In around 1,000 words, we look for ways to partition the news into miniature features that expand on an idea we present in one of the top news bullets. I’ve found that the best way to communicate is through a question-and-answer session with a colleague, using the structure of conversation to highlight a point in a way that a traditional article might not avail me.

That means that I often wander the office juggling my laptop, interrupting my colleagues at their desks as they’re filing stories on tight deadlines, or racing through the hallways of the Capitol or to the airport after covering a member of Congress’s impeachment town hall.

The investigative portion of impeachment featured a dramatic mix of short bursts of activity — calls on a Kyiv restaurant patio and in the White House residence, text messages between diplomats — and long days of testimony and committee argument.
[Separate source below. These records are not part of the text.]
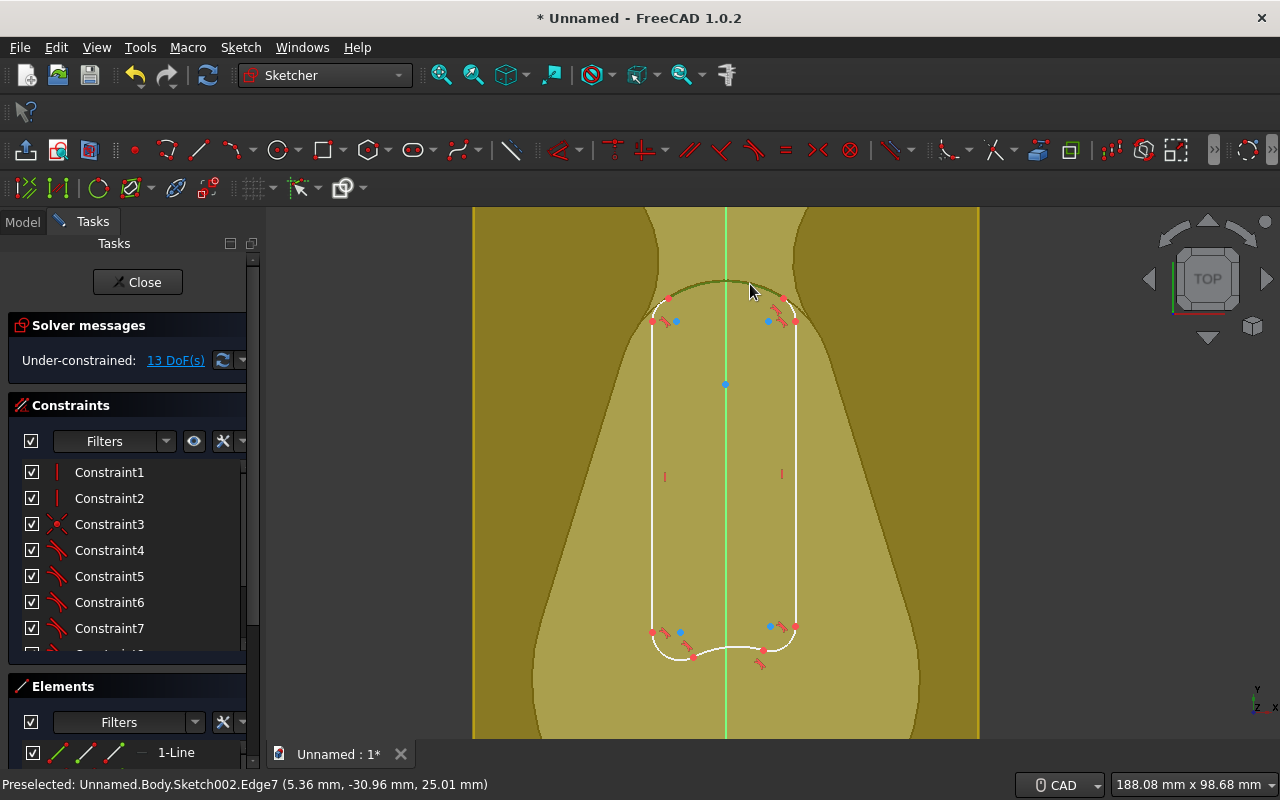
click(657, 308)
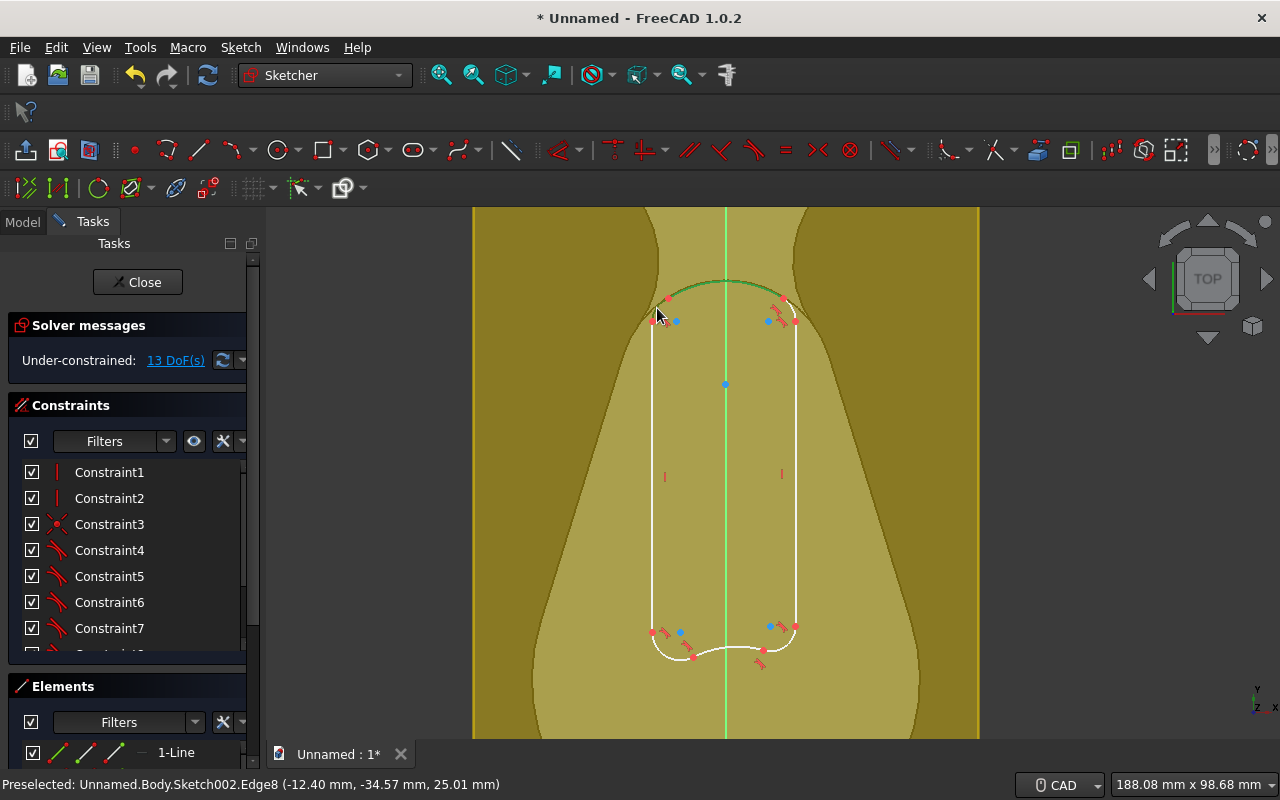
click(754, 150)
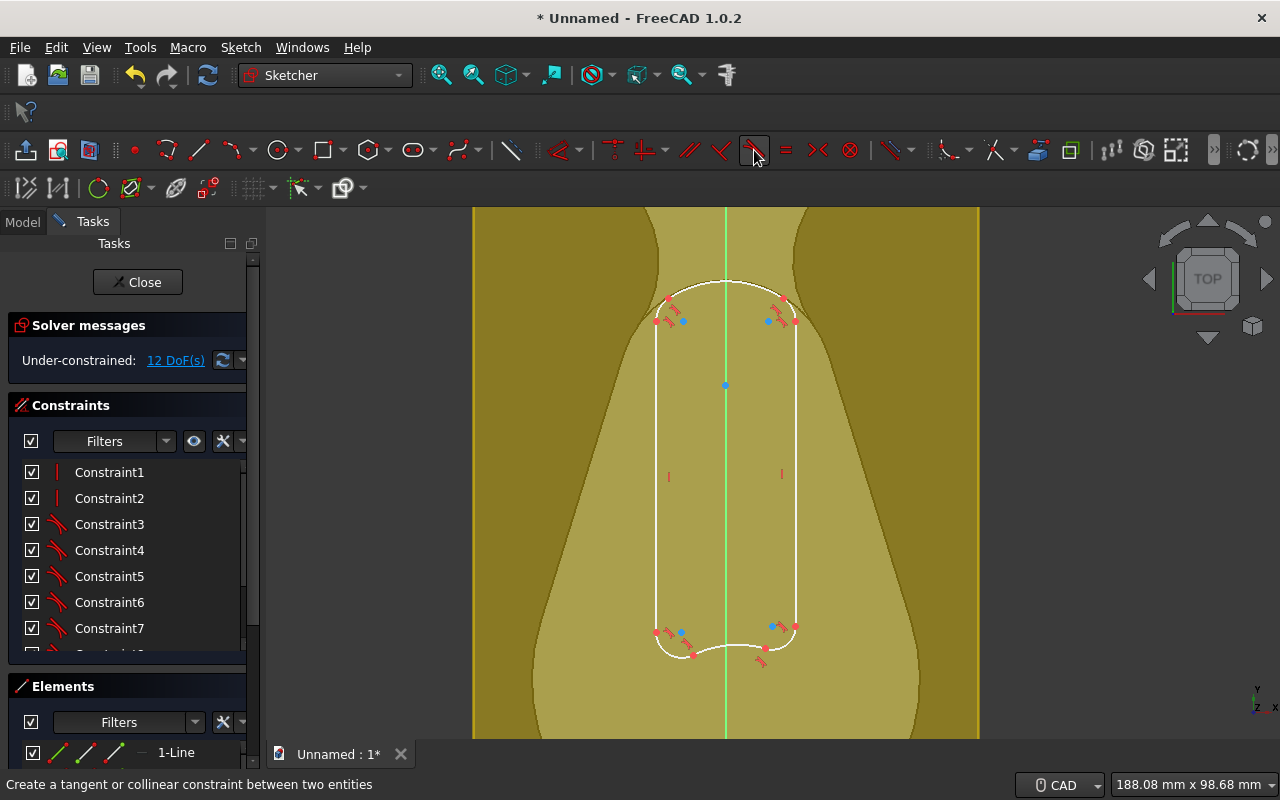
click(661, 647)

It was heavy on documents. The newsletter was an ideal format for intermingling those elements.

Impeachment news on some days has been almost too cinematic to be true: an elaborate screenwriter’s ruse that we have all fallen prey to, I would think to myself.

One day, I devoted most of the briefing to a West Wing scene involving a chase, taken from a transcript of testimony by Fiona Hill, President Trump’s former adviser on Russia and Europe. I incorporated analysis from a seven-person cast of colleagues, like an annotated script.

One story I remember most: when William B. Taylor Jr., the top American diplomat in Kyiv, testified privately to House investigators about a trip to the front line of Ukraine’s conflict with Russia.

“The commander thanked us for security assistance, but I was aware that this assistance was on hold, which made me uncomfortable,” he said in his testimony.

Mr. Taylor said he could see the Russian-backed forces on the other side of a damaged bridge, and that more Ukrainians would die without American help. It was a reminder that the impeachment story has been about a lot more than subpoenas.

And there is one image that sticks. The morning after Lt. Col. Alexander Vindman testified publicly about the risks of speaking out against the president, who had disparaged him, he returned to his job on the National Security Council. A reporter captured him posing for a selfie outside the White House, probably in disbelief at returning to ordinary work life.

Before taking the photo, Colonel Vindman noticed a video camera, a coy and knowing expression on his face. After taking the photo, he walked up a steep flight of stairs, turned around and took in the expanse.